Hurt So Good
SPORTING GOODS
I didn’t get as much sleep as I wanted to last night, and it’s all Michael Kay’s fault.With my wife out late, I left on the YES network as I drifted off to sleep, only to be jolted awake by the following statement that I’m paraphrasing from Kay:
“You know, back in the ‘90s Frank Thomas looked like a sure-fire first-ballot hall of famer, but at this point you’d have to say he’d be hard-pressed to get in.”
He used the phrase “hard-pressed” and then as Ken Singleton (to his credit) vigorously defended Thomas, Kay somehow found a way to compare Thomas’s hall of fame credentials to Dale Murphy (“but he won 2 MVPs”) and then Don Mattingly (“he was great for nearly a decade before injuries slowed him down”).
So obviously, this jolted me awake as I started yelling at the tv, but now that I’ve had 12 hours to sleep on it…it’s still just about the dumbest thing I’ve heard an announcer say. So Joe Morgan, congrats, you just moved down the list a bit.
I seem to recall reading in about 2000 or so, that Frank Thomas was high in the top 10 in all time OPS+, which takes your OBP + SLG and adjusts it for era and ballparks. This is generally a good measure of comparing offensive firepower, as everyone at this point seems to accept slugging and on-base as probably the most important stats. Thomas was basically surrounded by Ted Williams, Babe Ruth, and a few other absolute hitting legends on this list. He’s now “only” 14th, surrounded by guys like Jimmie Foxx and Stan Musial.
And it’s not like people weren’t noticing - Thomas finished in the top 3 in AL MVP voting five times over a ten year period. And nobody was more feared by opposing pitchers and teams during the 90s, no matter how bad he was with the glove.
Quite simply, when you think of offense and the 1990s (and you can’t think of one without the other), you think of Griffey, Bonds, and then Thomas. I can imagine a 17 year old who only remembers 1997 and on questioning Thomas’s hall of fame credentials, but not a baseball “expert” who has been around the game for years.
In looking up Thomas’s numbers, I stumbled across this Hardball Times article that lays out the defense in much more detail than I can. But by every offensive measure, Thomas is a first-ballot hall of famer. Read the article if you want to remember just how good his career has been, but when analyzing Thomas, the comparisons are more Ted Williams, Frank Robinson, Rickey Henderson, Eddie Collins, not Dale Murphy and Don Mattingly.

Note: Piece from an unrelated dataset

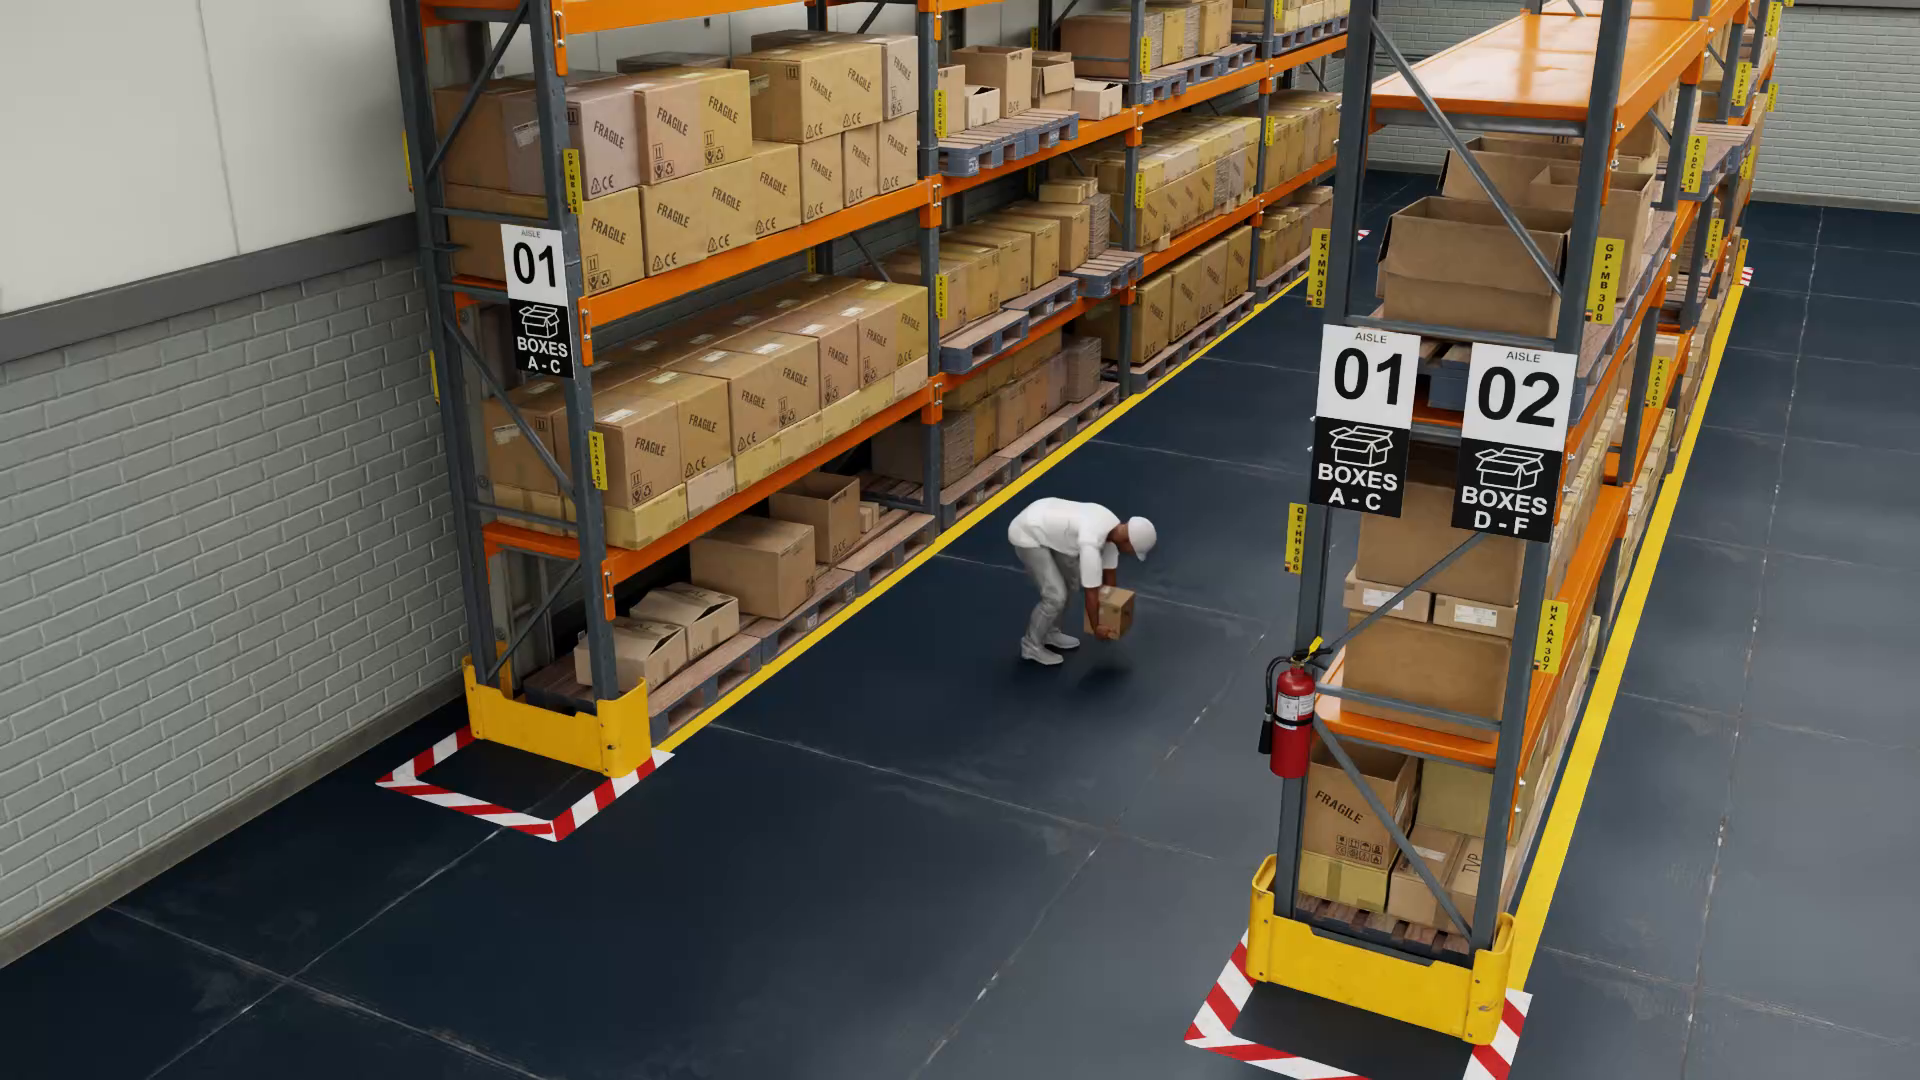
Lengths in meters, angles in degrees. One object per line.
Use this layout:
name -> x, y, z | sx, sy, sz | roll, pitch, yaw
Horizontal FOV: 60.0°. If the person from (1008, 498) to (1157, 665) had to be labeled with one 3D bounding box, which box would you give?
person -> 0.805, 0.284, 10.914 | 0.974, 1.088, 0.481 | 10, 25, 23

The problem with guys like Kay, is they can only focus on a limited number of career counting stats. How many all-star games? How many home runs? Oh yeah, well this guy has more, and he’s not in! Thomas has a career .427 on-base percentage – only six guys in history are .01 better. And not to spoil the Hardball Times article, but Thomas is the only guy with seven straight years of hitting .300, 20 HRs, 100 RBI, 100 Runs, and 100 Walks. Only guy to do it six straight? Ted Williams.
Frank Thomas is no Ted Williams. But he sure as hell ain’t Dale Murphy.
I promise not to rant this much at every stupid Michael Kay comment, as it would lead to my job firing me, my wife leaving me, and me forgetting to bathe, as it will become a 24-hour a day hobby. But I thought it worth a reminder just how great the Big Hurt’s career was. And even Kay admits, it is widely believed that he did it all without steroids.
2 Comments:
Oof...Monocle! Michael Kay tarnishes ESPN Radio's name as well. The best is when Kenny Singleton responds to Kay with absolute silence. You can imagine him sighing and wishing he could throw him physically out of the booth. Yet, somehow Kay keeps getting more and more work.
Don't worry, Darlucky, I wouldn't leave you. We'd have an intervention first. Though I'd be right there with you for the first several sordid smelly months.
The without steroids point helps even more because it presumably raises the league OPS thereby diminishing Thomas's, to a degree.
I remember having a conversation in 1997 about how underrated Frank Thomas was as a player. At the time, before I knew a damn thing about sabermetrics and all that jazz, my friend Ben and I concluded that Bonds and Thomas were the two best players of the decade and both were ridiculously underrated and underappreciated. If that is how I felt before Thomas even had a bad year, it isn't shocking that he is more underappreciated now. (And if you wonder why I remember that conversation, it has to do with 1) living in Baltimore and hearing all the time how good Palmiero, Ripken, and Brady Anderson were and 2) having the same conversation more than a dozen times.)
Bonds took steroids, broke records and "corrected" that problem. Thomas did nothing and now he gets "punished" for it by the likes of mental midgets like Michael Kay. Thomas didn't play for the Yankees and the White Sox weren't that good.